Однажды поздней осенью я получил указание убыть в командировку вместе с другим испытателем — Игорем Кутузовым для оценки высотного снаряжения лётчика и космонавта в лабораторных условиях. Вот где на собственной шкуре я испытал, как зарабатывают, скажем прямо, небольшие деньги разного рода экспериментаторы, привлекаемые для доводки объектов испытаний до требований заказчика. Мы мёрзли в термокамере при температуре минус пятьдесят градусов, терпели длительные перегрузки на центрифуге, поднимались в барокамере на «высоту» 25–30 километров. В одном из подъёмов на «высоте» 20 километров кислород под избыточным давлением прорвался из полости гермошлема под резиновой пелериной, обхватывающей шею. Разве можно забыть то жуткое, холодно-обжигающее воздействие кислорода вдоль голой спины, когда, казалось, кожа начала вздуваться пузырями! Дав наблюдателю, смотревшему на меня через иллюминатор барокамеры, сигнал срочного снижения, я долго потом, уже будучи «на земле» со снятым снаряжением, несмотря на успокаивающие возгласы окружающих, не мог отделаться от ощущения, что вся кожа сзади висит лохмотьями. Моему напарнику также пришлось пережить несколько минут страха быть задушенным после того, как нас привезли на озеро, чтобы оценить работоспособность снаряжения в водной среде. С длинного мостка Игорь, одетый в ВМСК[2] с закрытым гермошлемом на голове, прыгнул в воду, а спасатель в таком же снаряжении стоял с нами на берегу. Как только спало волнение воды, вызванное прыжком, и мой товарищ повернулся к нам лицом, я увидел через стекло гермошлема его широко открытые глаза и то, как он с усилием, судорожно открывая рот, пытается сделать вдох. Видя, что ему это не удаётся, Игорь рванулся рукой к замку открытия щитка гермошлема и, наощупь ухватив что-то, стал лихорадочно дёргать, но безуспешно. Спасатель, неуклюжее самого неуклюжего медведя, как мог, заторопился по мосткам и бултыхнулся в воду. Игорь явно задыхался. Когда спасатель, наконец, подплыл к нему, лицо его начало синеть и рука, дёргавшая замок, безвольно опустилась в воду. После открытия щитка лётчик уже не мог двигаться. Прибуксированный к берегу и поддерживаемый нами со всех сторон, он молча оглядывал нас, как будто узнавая заново. Вернувшись на базу, «насели» на ведущего инженера по испытаниям:
— Как это могло произойти?
— Мы проверили, клапан вдоха в гермошлеме исправен.
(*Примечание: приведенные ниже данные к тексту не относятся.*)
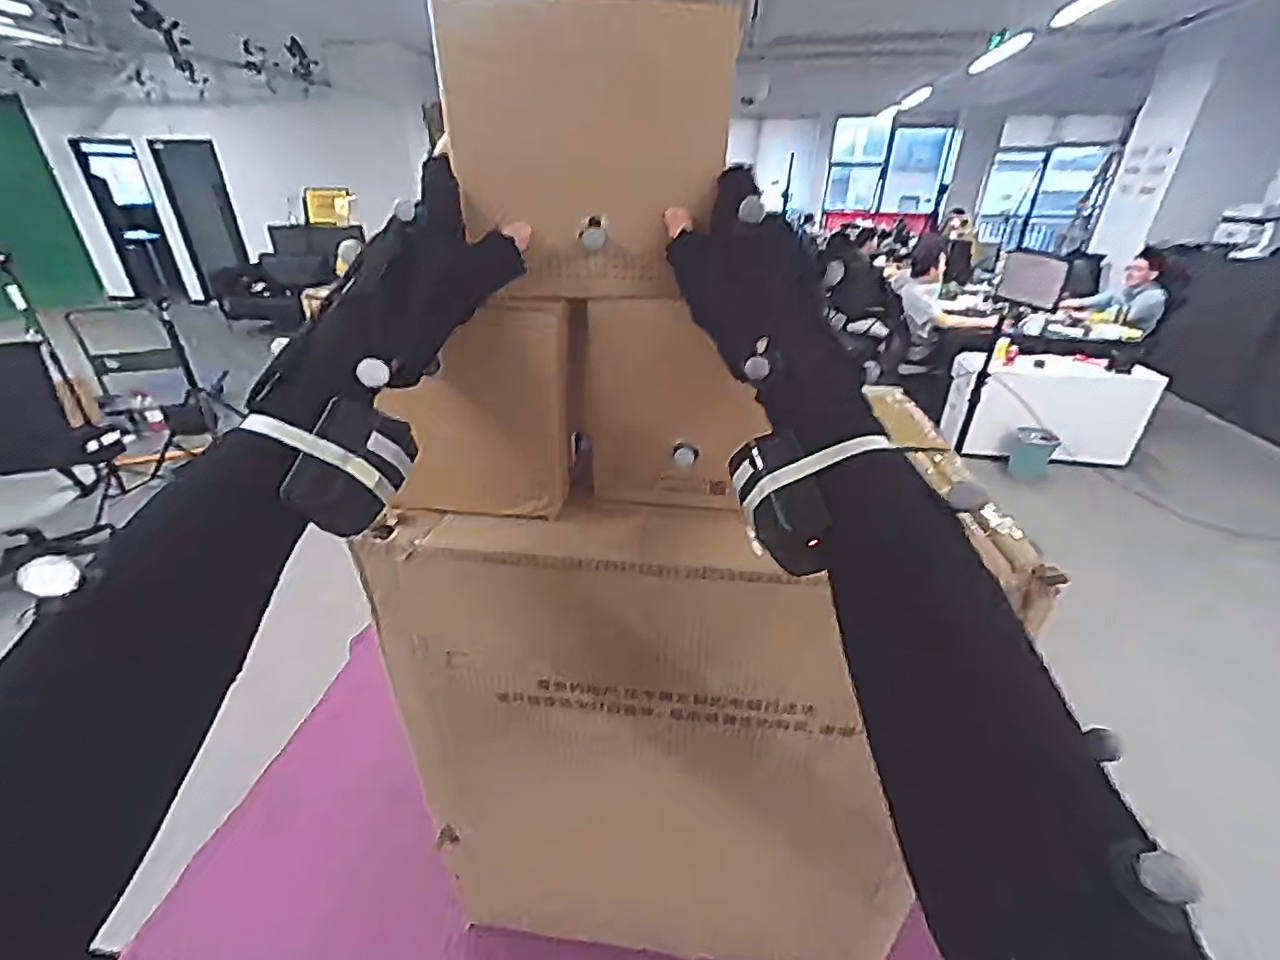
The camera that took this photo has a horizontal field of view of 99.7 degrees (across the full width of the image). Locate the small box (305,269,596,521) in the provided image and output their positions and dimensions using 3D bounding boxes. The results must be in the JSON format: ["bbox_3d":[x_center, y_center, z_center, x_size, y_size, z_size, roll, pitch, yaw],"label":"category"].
[{"bbox_3d":[-0.138,-0.079,0.466,0.179,0.176,0.168,6,29,4],"label":"small box"}]

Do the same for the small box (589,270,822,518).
[{"bbox_3d":[0.056,-0.087,0.483,0.168,0.176,0.179,4,30,9],"label":"small box"}]

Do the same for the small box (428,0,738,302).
[{"bbox_3d":[-0.037,-0.233,0.409,0.179,0.176,0.168,-1,29,-4],"label":"small box"}]

Такой ответ нас явно не устраивал.
— Ну, и что дальше?
— Видимо, туда попала вода.
— Что же это за клапан, если лётчик один раз оказался в воде, и она уже попала!
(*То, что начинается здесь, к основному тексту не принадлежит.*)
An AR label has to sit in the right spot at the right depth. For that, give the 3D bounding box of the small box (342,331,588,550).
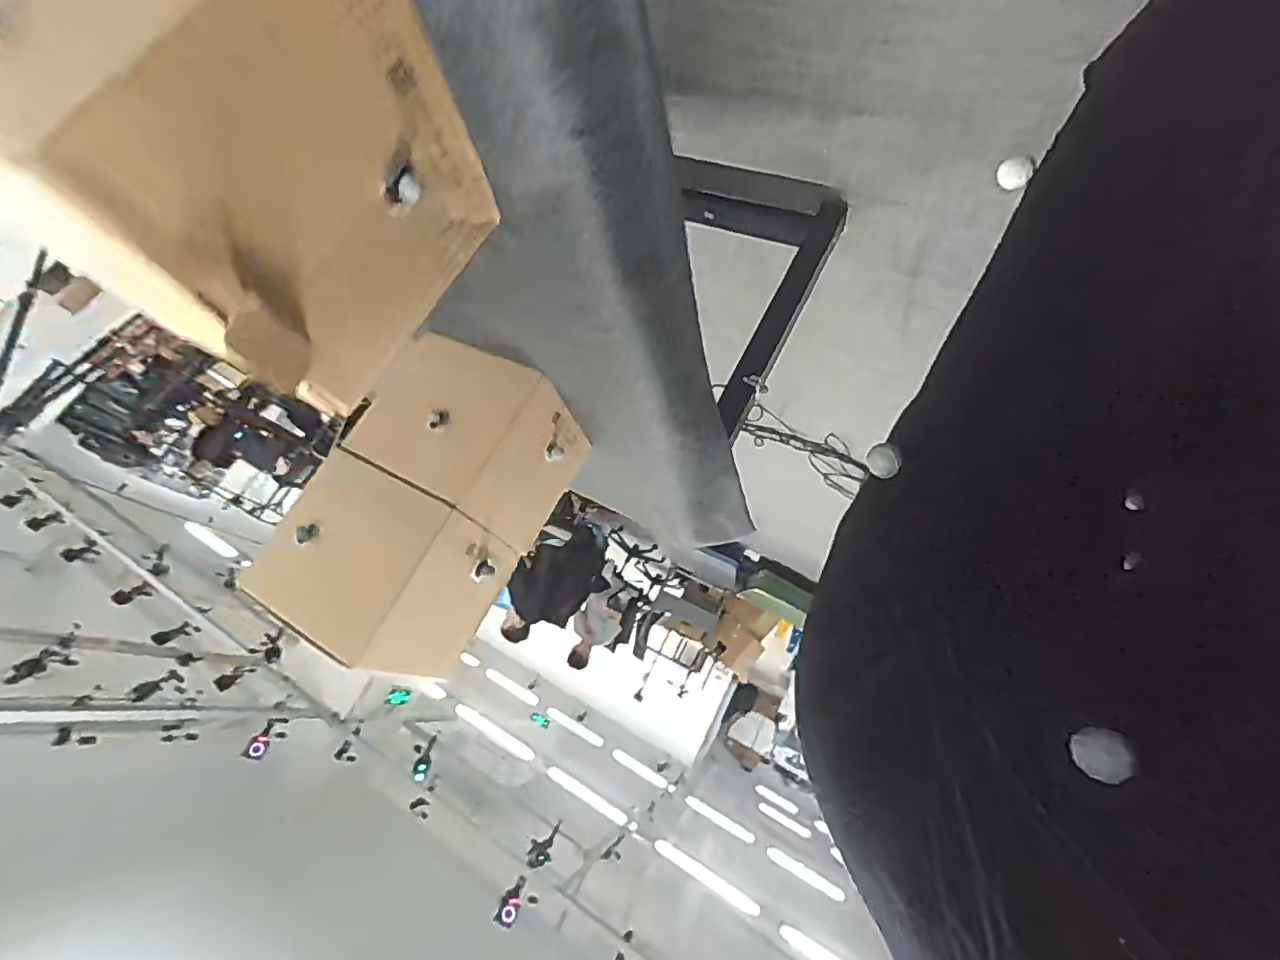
[{"bbox_3d":[-0.190,-0.048,0.634,0.179,0.176,0.168,23,162,22],"label":"small box"}]

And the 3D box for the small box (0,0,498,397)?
[{"bbox_3d":[-0.208,-0.179,0.278,0.179,0.176,0.168,26,163,15],"label":"small box"}]

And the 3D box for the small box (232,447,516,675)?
[{"bbox_3d":[-0.269,0.085,0.584,0.179,0.176,0.168,22,163,21],"label":"small box"}]

— В таких случаях говорят — нерасчётный режим, — развёл руками инженер.
Кутузов, всегда очень уравновешенный, смущённо улыбнулся и с удивлением покачал головой:
— Надо же, с детства боялся утонуть, но чтобы так…
— Вот насчёт утонуть, это вы зря, — воскликнул собеседник, — в таком костюме человек может часами находиться на плаву.
Между тем, метод проб и ошибок в освоении любимой профессии продолжал действовать. Мне доверили первые ответственные испытания. В соответствии с требованиями ведения боевых действий в условиях применения ядерного оружия возникает необходимость защиты лётчика от воздействия радиоактивных веществ, в том числе и при посадке на заражённый аэродром. Предстояло оценить один из вариантов противогаза с фильтрующей коробкой. Я выполнял полёты на Су-9 на сложный пилотаж, набирал максимальную высоту на сверхзвуковой скорости, перехватывал воздушные цели с надетым на лицо противогазом. Я старался изо всех сил так, как будто речь шла об одном: смогу или нет именно я справиться с таким заданием. И никакие трудности, связанные с запотеванием стёкол противогаза, ограниченным обзором и явно затруднённым дыханием, не могли меня остановить. Закончив работу и выдав положительную оценку, я согласился и с тем, чтобы объект моих испытаний стал неотъемлемой частью лётного снаряжения, не догадавшись, что за этим кроется. Прошло не менее 5–6 лет, прежде чем до нас дошла «обратная волна» — волна жалоб со стороны строевых лётчиков, для которых «мой» противогаз оказался плохим подарком. Вдобавок ко всему их ещё заставляли в лётные дни носить его с собой в специальных карманах лётного обмундирования.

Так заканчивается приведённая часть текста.